US and global stocks climbed to fresh record highs last week, on renewed optimism that the US and Iran could be close to an agreement to reopen the Strait of Hormuz. That followed news last week that the US submitted proposals to Iran for a permanent end to hostilities.
But an agreement remains elusive and risks remain elevated. President Trump over the weekend said Iran's response to the US offer was "totally unacceptable." The publicly stated negotiating positions of the two sides remain far apart. According to reporting from the Wall Street Journal, Iran's counteroffer rejected the idea of dismantling its nuclear facilities, though it did offer to dilute some of its enriched uranium stockpile and send the rest to a third country. This account was rejected as "not true" by Iran's semi-official news agency Tasnim, underlining a continued lack of clarity in talks. In addition, there were renewed signs of the fragility of the ceasefire between the US and Iran last week. US Central Command said American forces fired on Iranian targets in response to attacks on three US warships, and the UAE confirmed its air defenses had engaged Iranian missile and drone attacks.

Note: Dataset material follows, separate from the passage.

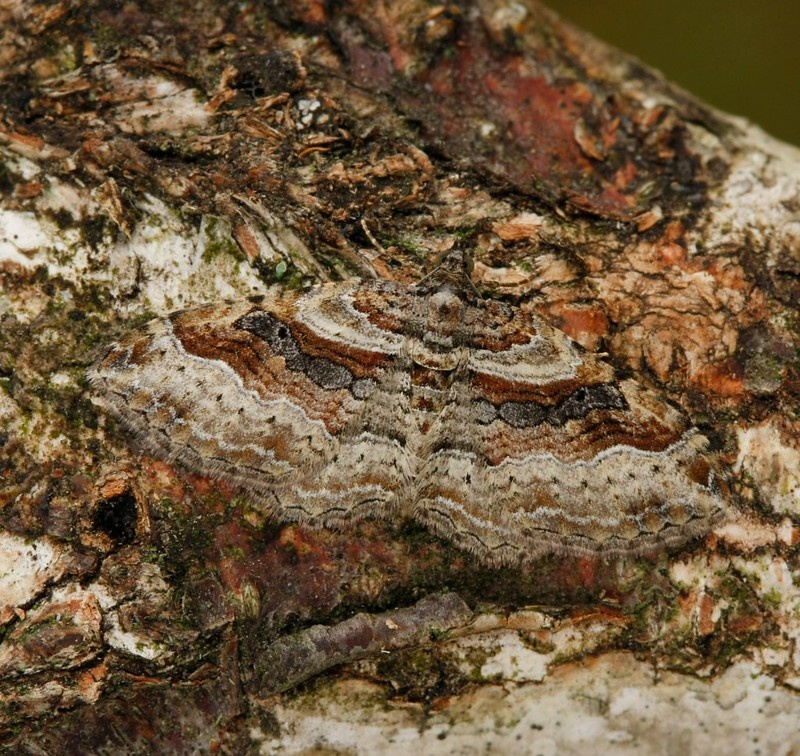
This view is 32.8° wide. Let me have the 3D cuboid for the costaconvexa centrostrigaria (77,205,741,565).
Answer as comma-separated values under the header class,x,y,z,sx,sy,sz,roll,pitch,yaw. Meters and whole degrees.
class,x,y,z,sx,sy,sz,roll,pitch,yaw
costaconvexa centrostrigaria,0.045,0.101,7.394,3.618,1.857,0.407,16,-1,2

The coming week could be pivotal. Investors will be hoping for progress toward a lasting peace. Our view is that a diplomatic solution will ultimately be reached, allowing investors to focus fully on resilient US economic growth, robust earnings, and the potential for renewed Federal Reserve rate cuts later this year. Both sides remain under pressure to conclude a deal, especially ahead of President Trump's scheduled meeting with China's President Xi Jinping later this week.
The latest setback in US-Iran negotiations pushed oil prices higher. However, S&P 500 futures were close to flat at the time of writing on Monday, and the index is now up 8.1% this year. Against this backdrop of equity market resilience, we see an opportunity for investors to rebalance portfolios from a position of strength. The recent rally has been based on an outsized contribution from large-cap technology firms, and global indices have become increasingly concentrated in a relatively small number of companies. Investors can address this potential risk by complementing exposure to market-cap-weighted indices with equal-weighted index approaches.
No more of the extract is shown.